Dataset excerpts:

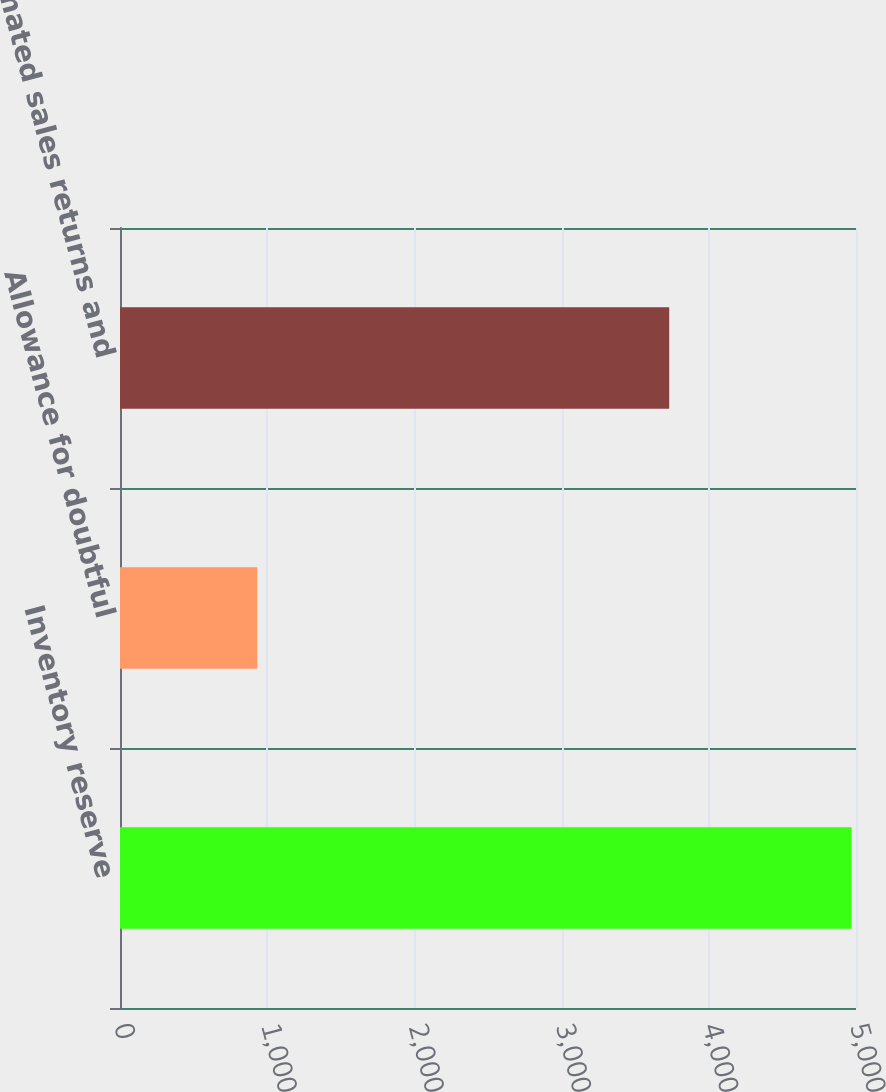<chart> <loc_0><loc_0><loc_500><loc_500><bar_chart><fcel>Inventory reserve<fcel>Allowance for doubtful<fcel>Estimated sales returns and<nl><fcel>4970<fcel>933<fcel>3731<nl></chart> 
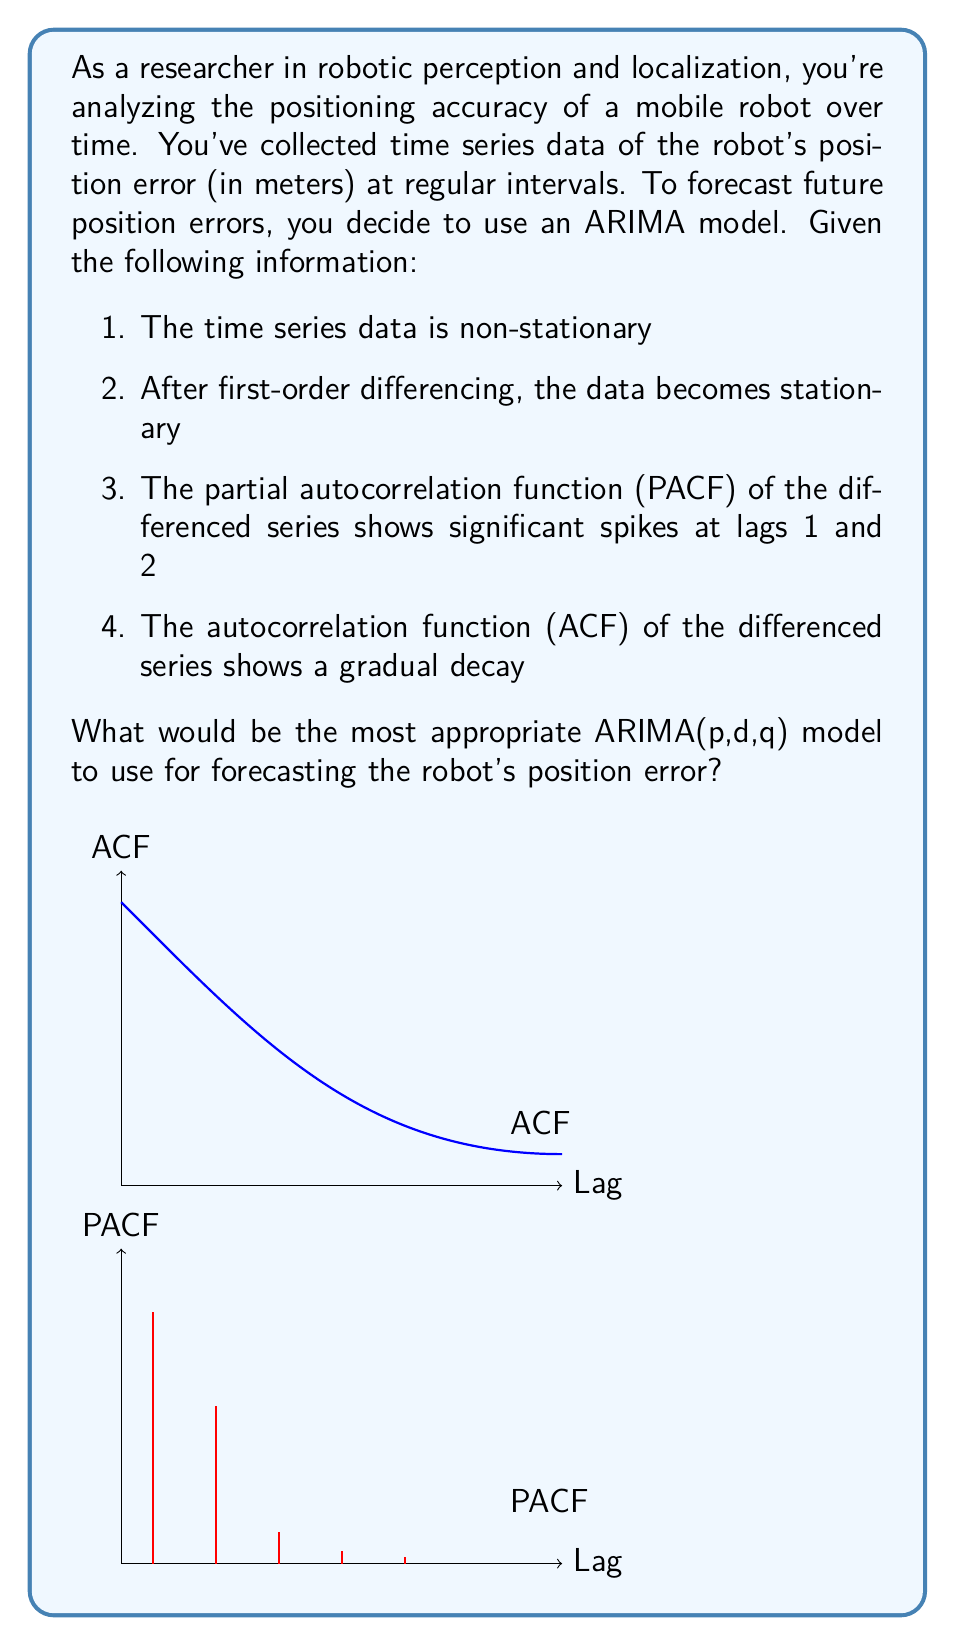Help me with this question. To determine the appropriate ARIMA(p,d,q) model, we need to analyze the given information:

1. The original series is non-stationary, which means we need differencing. This determines the 'd' parameter.
2. First-order differencing makes the series stationary, so d = 1.

3. For the 'p' parameter (AR order):
   - We look at the PACF of the differenced series.
   - Significant spikes at lags 1 and 2 suggest p = 2.

4. For the 'q' parameter (MA order):
   - We examine the ACF of the differenced series.
   - A gradual decay in the ACF suggests a moving average component.
   - Let's choose q = 1 as a starting point.

Therefore, based on this analysis, the most appropriate model would be ARIMA(2,1,1).

This model can be expressed mathematically as:

$$(1 - \phi_1B - \phi_2B^2)(1 - B)y_t = (1 + \theta_1B)\epsilon_t$$

Where:
- $y_t$ is the time series
- $B$ is the backshift operator
- $\phi_1$ and $\phi_2$ are the AR parameters
- $\theta_1$ is the MA parameter
- $\epsilon_t$ is the error term

This ARIMA(2,1,1) model combines:
- Second-order autoregression (AR(2))
- First-order differencing (I(1))
- First-order moving average (MA(1))

It should capture both the trend and the short-term correlations in the robot's position error data, making it suitable for forecasting future errors.
Answer: ARIMA(2,1,1)

__Work instruction__
Retype every entry exactly, but keep the pictures out of your copy.

__Solution for this problem__
<chart> <loc_0><loc_0><loc_500><loc_500><bar_chart><fcel>Inventory reserve<fcel>Allowance for doubtful<fcel>Estimated sales returns and<nl><fcel>4970<fcel>933<fcel>3731<nl></chart> 
Help me with this question. To determine the appropriate ARIMA(p,d,q) model, we need to analyze the given information:

1. The original series is non-stationary, which means we need differencing. This determines the 'd' parameter.
2. First-order differencing makes the series stationary, so d = 1.

3. For the 'p' parameter (AR order):
   - We look at the PACF of the differenced series.
   - Significant spikes at lags 1 and 2 suggest p = 2.

4. For the 'q' parameter (MA order):
   - We examine the ACF of the differenced series.
   - A gradual decay in the ACF suggests a moving average component.
   - Let's choose q = 1 as a starting point.

Therefore, based on this analysis, the most appropriate model would be ARIMA(2,1,1).

This model can be expressed mathematically as:

$$(1 - \phi_1B - \phi_2B^2)(1 - B)y_t = (1 + \theta_1B)\epsilon_t$$

Where:
- $y_t$ is the time series
- $B$ is the backshift operator
- $\phi_1$ and $\phi_2$ are the AR parameters
- $\theta_1$ is the MA parameter
- $\epsilon_t$ is the error term

This ARIMA(2,1,1) model combines:
- Second-order autoregression (AR(2))
- First-order differencing (I(1))
- First-order moving average (MA(1))

It should capture both the trend and the short-term correlations in the robot's position error data, making it suitable for forecasting future errors.
Answer: ARIMA(2,1,1)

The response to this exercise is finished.